Prev Next

18 Nov 2012

lecturer

Predavanje: Models for Survival in Matched Pairs
There are no translations available.

V okviru biostatističnega centra bo v ponedeljek, 30.5.2011, ob 16.uri na IBMI predavala dr. Mette Gerster z Univerze Southern Denmark.

Models for Survival in Matched Pairs

Co-twin control designs are useful in identification of causal effects and have been applied to a vast number of different research questions within the fields of epidemiology and psychology. The logic of the co-twin control design assumes that twins who have been brought up together are matched on early environmental factors. Moreover, twins have partly or fully identical genetic setups at birth, depending on their zygosity. This implies that a number of factors - that are usually diffcult to measure - are held constant in within-pair comparisons. Hence confounding from these factors is controlled for per design thus providing less biased estimates of effect. Aside from confounder control, the differences in genetic relatedness between monozygotic (MZ) (genetically identical) and dizygotic (DZ) twins (share on average half of segregating genes) can be used for the purpose of making inferences about the source of confounding, i.e. genetic or environmental confounding, respectively. Assuming an association in the unpaired analysis, genetic confounding would be indicated if the within-pair analysis showed a partial attenuation of the association in DZ twins and a full attenuation in the MZ twins. Similarly, a full attenuation in both DZ and MZ twins would be compatible with shared environmental confounding. Finally to support a causal effect of exposure the association would have to persist in both DZ and MZ twins.

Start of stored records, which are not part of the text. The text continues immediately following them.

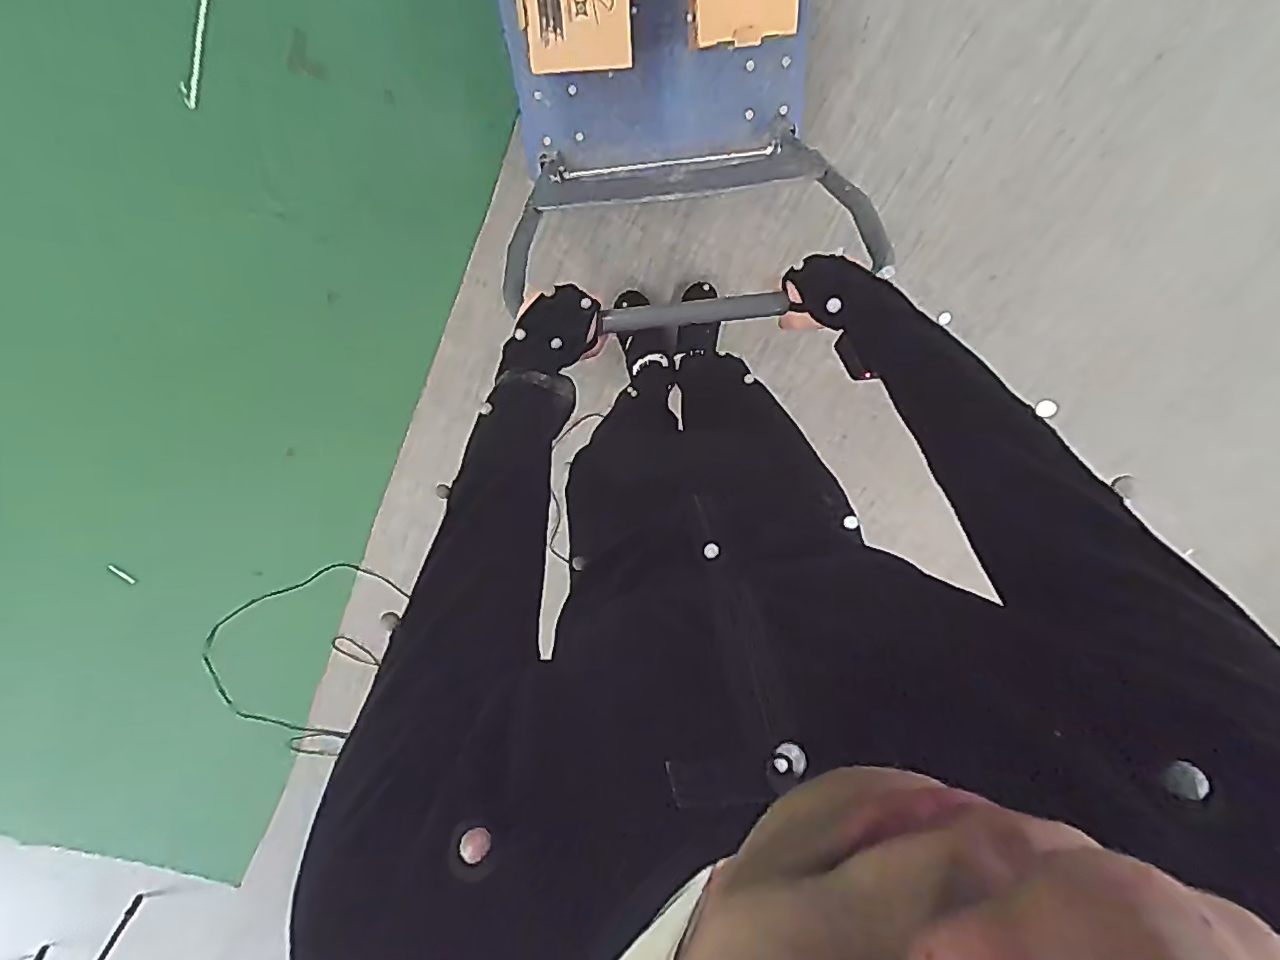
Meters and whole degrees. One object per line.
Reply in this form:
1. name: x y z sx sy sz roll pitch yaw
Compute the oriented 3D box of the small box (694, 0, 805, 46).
1. small box: 0.177 -0.847 0.905 0.168 0.176 0.179 -5 130 4
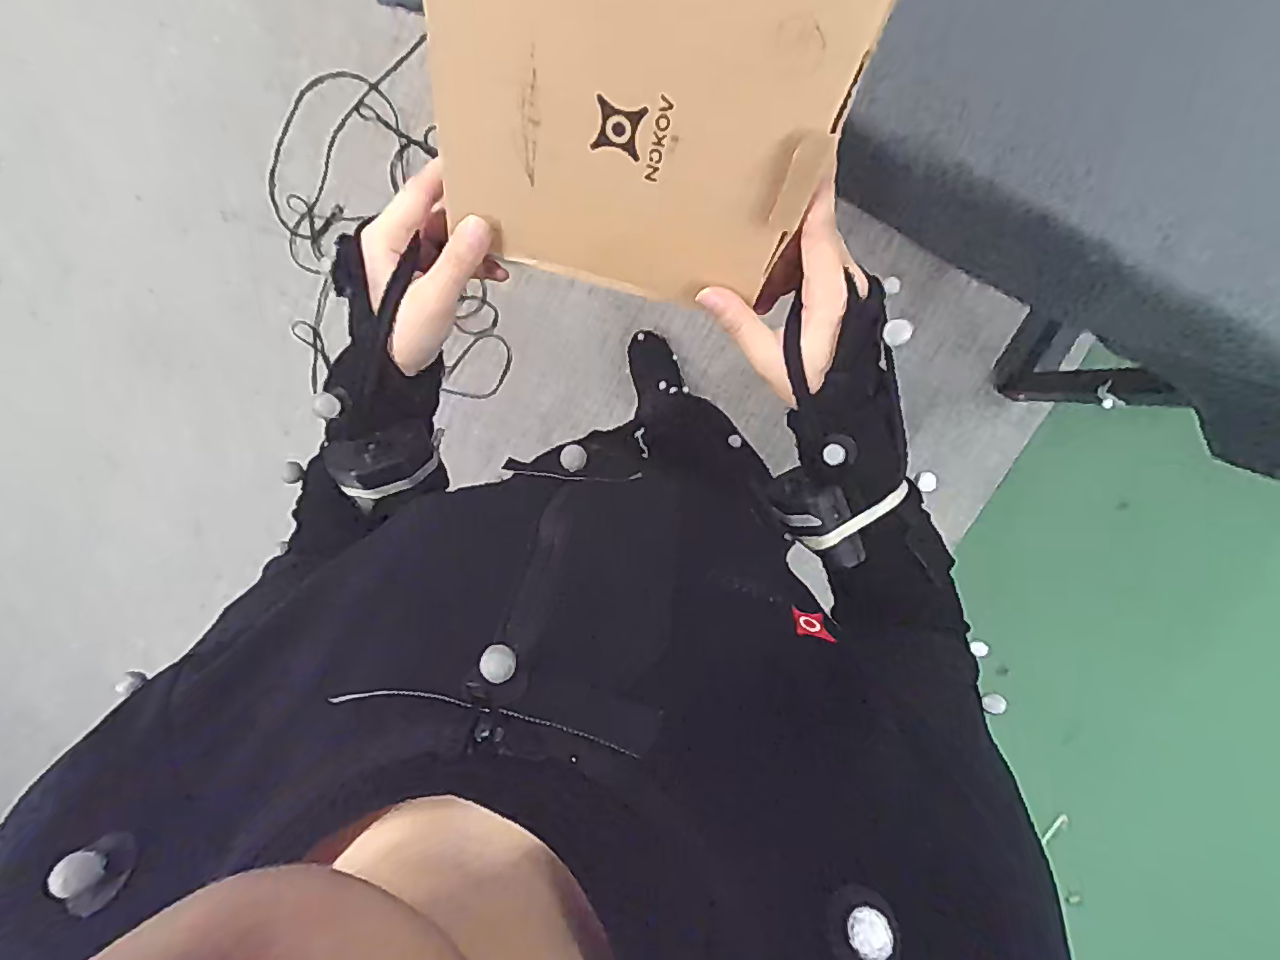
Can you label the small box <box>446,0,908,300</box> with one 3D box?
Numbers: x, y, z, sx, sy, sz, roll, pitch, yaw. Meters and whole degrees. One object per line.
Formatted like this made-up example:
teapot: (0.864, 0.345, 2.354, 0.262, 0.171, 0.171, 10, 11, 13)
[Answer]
small box: (0.015, -0.230, 0.282, 0.179, 0.176, 0.168, 14, 145, -4)
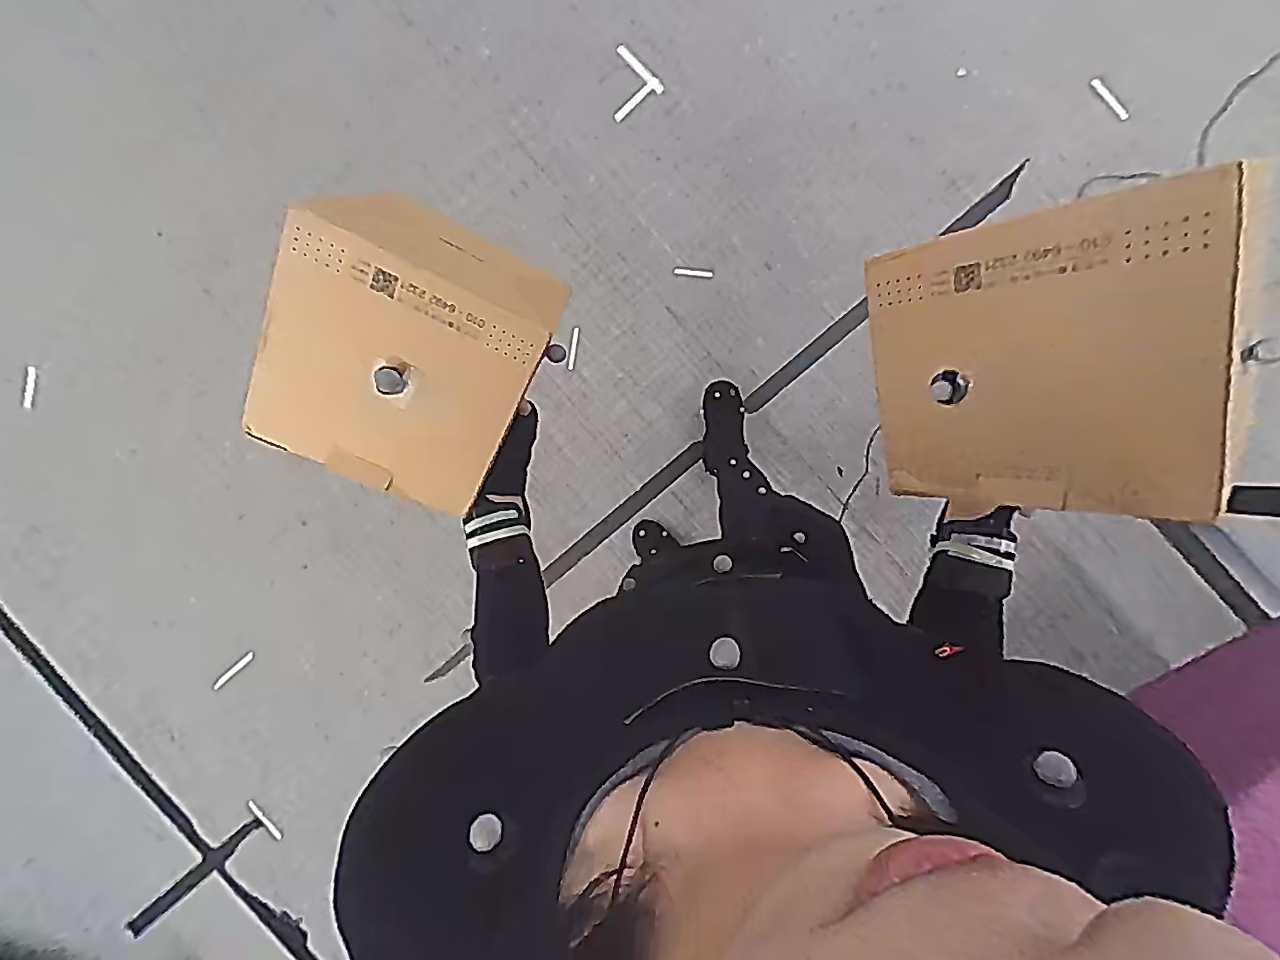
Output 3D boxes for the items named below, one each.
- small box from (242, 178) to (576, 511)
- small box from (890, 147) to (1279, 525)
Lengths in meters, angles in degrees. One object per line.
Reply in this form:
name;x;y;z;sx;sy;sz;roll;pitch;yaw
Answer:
small box;-0.162;-0.112;0.422;0.168;0.179;0.176;26;115;-15
small box;0.278;-0.090;0.339;0.179;0.168;0.176;-25;111;-35
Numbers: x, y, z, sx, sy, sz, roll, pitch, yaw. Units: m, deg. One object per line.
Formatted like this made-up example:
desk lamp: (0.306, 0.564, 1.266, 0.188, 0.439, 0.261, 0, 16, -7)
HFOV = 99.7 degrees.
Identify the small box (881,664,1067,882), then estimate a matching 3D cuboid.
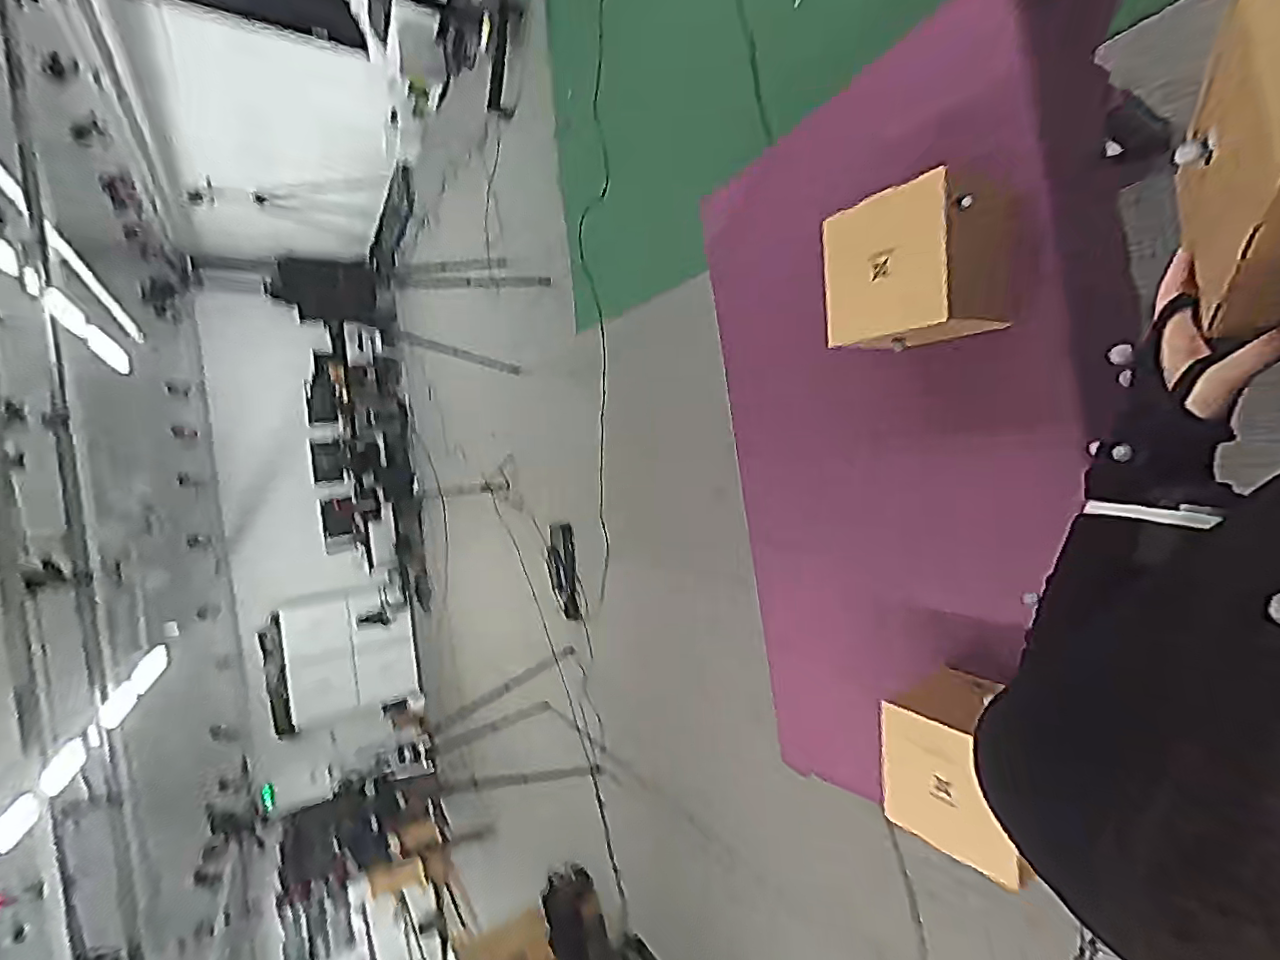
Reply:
small box: (0.454, 0.378, 0.736, 0.168, 0.176, 0.179, 3, 98, 56)

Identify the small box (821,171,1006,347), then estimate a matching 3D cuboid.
small box: (0.371, -0.282, 0.734, 0.168, 0.176, 0.179, 2, 97, 57)
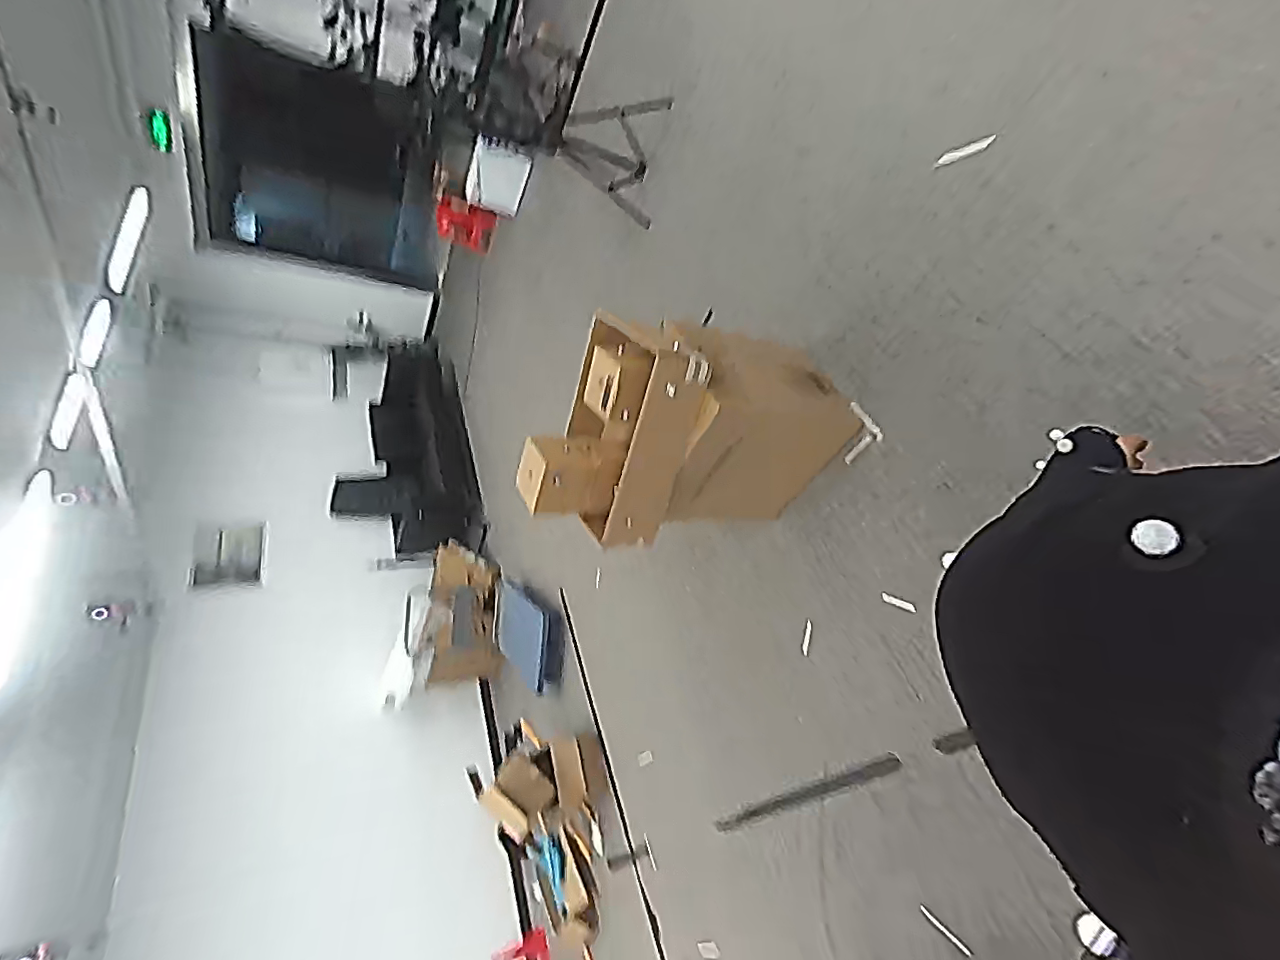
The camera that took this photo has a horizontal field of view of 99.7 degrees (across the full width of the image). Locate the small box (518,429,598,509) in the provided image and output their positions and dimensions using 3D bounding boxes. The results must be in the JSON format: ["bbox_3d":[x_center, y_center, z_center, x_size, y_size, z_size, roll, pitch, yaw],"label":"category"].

An application of the co-twin control design will be presented using a Danish twin study of the effect of education on breast cancer incidence (Madsen et al, 2011). Furthermore, I will discuss which survival models are appropriate to use in this context. One possibility is to use a shared frailty model. However, inference in the frailty model requires independence between the frailty variable and the explanatory variables (education in the above example). We study how violations of this assumption affects inference for the regression coeffcients, and conclude that substantial bias may occur.

Instead, we propose making inference by means of a stratified Cox model (Holt and Prentice, 1974) and we demonstrate that this model gives unbiased estimates regardless of a possible dependence between the frailty variable and the explanatory variable.

References: Madsen, M, Andersen PK, Gerster, M, Andersen, A-MN (2011). Education and incidence of breast cancer: Does the association replicate within twin pairs?, Br. J. Cancer, 104, 520-523. Holt, JD, Prentice, RL (1974). Survival analysis in twin studies and matched pairs experiments. Biometrika, 61, 17-30.